Even in a manufacturing environment there are things you can do–with varying degrees of expense–to change the work environment within your lab to create a world-class environment in which people will want to come to work every day.

Reward-based Programs

Businesses can save both time and money if they understand both the value of promoting a reward-based program, and the loss of money from employee turnover. When employees leave, they take the skills acquired and knowledge gained, which were provided to these employees at great time and cost. What's most difficult to face is that this loss is compounded by the additional expense of replacing the employee. Among other costly factors are absenteeism and general internal dissension that can drain profitability as effectively as a 10 percent breakage rate. Understanding lab employees is the key to your success. Having confidence in your employees and creating a positive working environment will support your business growth. By embracing employee recognition, employees will be more motivated to do a better job for you.

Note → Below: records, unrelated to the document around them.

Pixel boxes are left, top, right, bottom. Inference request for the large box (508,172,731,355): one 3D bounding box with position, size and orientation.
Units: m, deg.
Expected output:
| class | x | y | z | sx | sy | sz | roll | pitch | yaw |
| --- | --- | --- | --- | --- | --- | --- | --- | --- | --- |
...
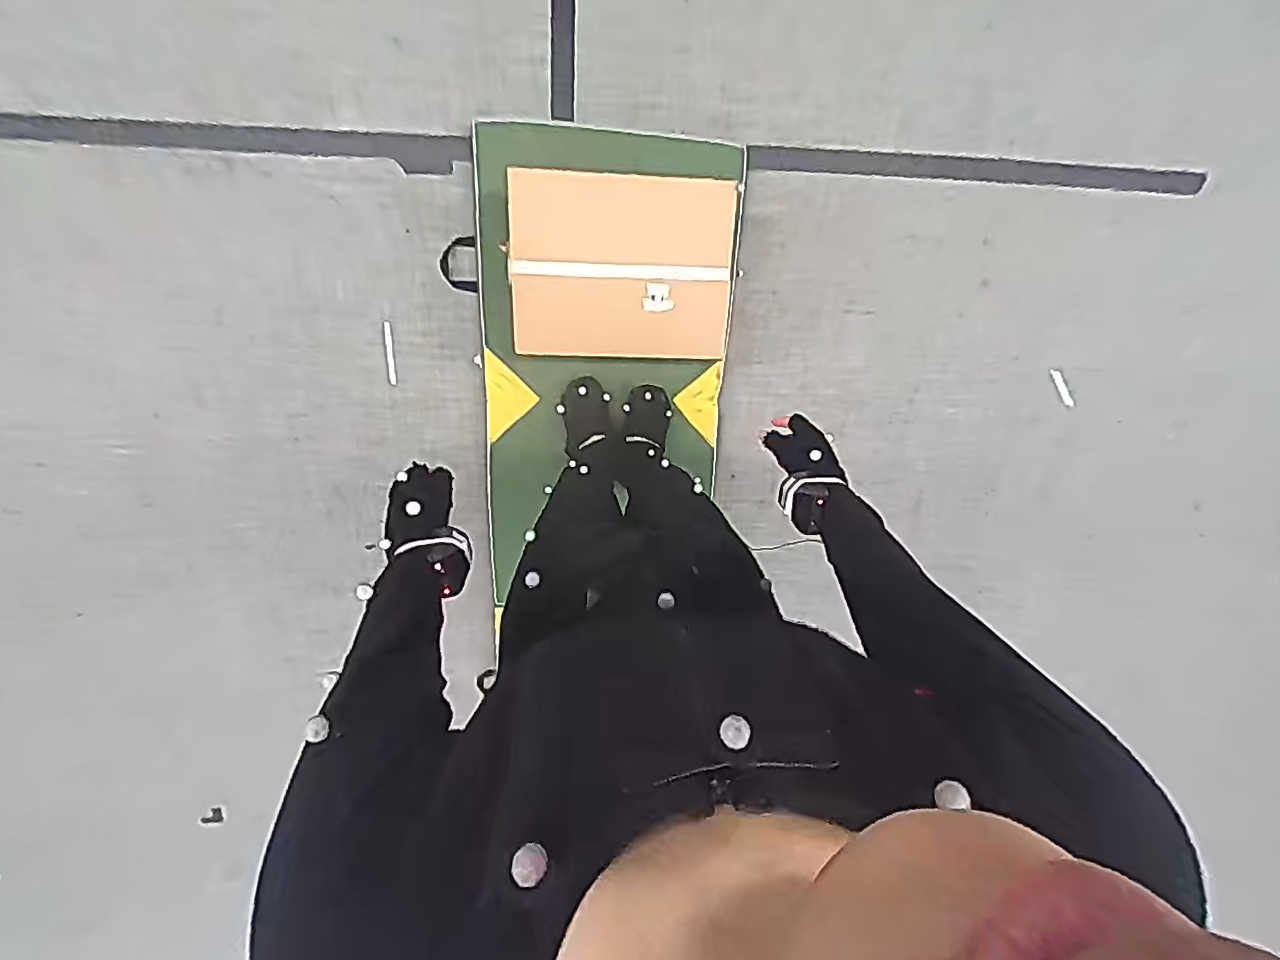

According to research by James Oakley, Purdue University assistant professor of marketing, a direct link exists between employee satisfaction, motivation and a company's profits. After studying 100 employees of U.S. companies and their corporate culture, Mr. Oakley concluded that engaged employees are inspired to provide good service and be proactive in their work.

Employees indicated that they favor recognition from managers and supervisors by a margin of almost two to one over recognition from other sources. And nearly seven out of 10 employees say non-monetary forms of recognition provide the best motivation. Committed employees develop loyalty to the organization, adjusting their performance to higher standards of accomplishment.

The solutions need not be elaborate to be successful. The cost of employee rewards and recognition is nominal, the results, abundant. To appreciate an employee for loyalty and performance requires only a simple thank you. That is free. To reward employees for work beyond expectations may slightly dent the pockets, but the benefits will soon show up on the bottom. Employee recognition and performance rewards drive individuals to work harder and smarter. Every employee embraces recognition regardless of his or her position, from customer service to shipping.

Money Can’t Buy Me Love

Money can't buy everything! Employees have personal schedules separate from the workplace and may need you to accommodate their non-work responsibilities. Some workers are more interested in work arrangements that mesh with their personal lives.

Consider rewarding current employees, or attracting new hires, with: flexible hours; and bonuses tied to attendance. (Less absenteeism and turnover means additional cost savings to you). The only way to know what they want is to ask them. You might spend a ton of money providing a free lunch every Wednesday, only to find out that they would have preferred movie passes. When this happens you’ve wasted money and haven’t accomplished your goal.

Just asking employees what they would appreciate most shows respect and goes along way toward employee satisfaction. The reward doesn’t have to be the same for everyone. Employees in customer service might appreciate chair massages (which would work in customer service but not out on the lab floor) while the finishing department might appreciate movie passes. Here are some ideas for rewards: gas cards, Starbucks cards, gift cards to general stores like Target, an extra paid day off, have the employees’ car detailed, bonuses to employees who recruit and train new employees, pizza lunch day, bring in a masseuse for chair massages, spa treatment gift cards, or movie passes. Create out of the box ways to say thank you for being part of my team. Send a positive message that the employee is valued, not simply perceived as a means to a profit for the pocketbook of the owner.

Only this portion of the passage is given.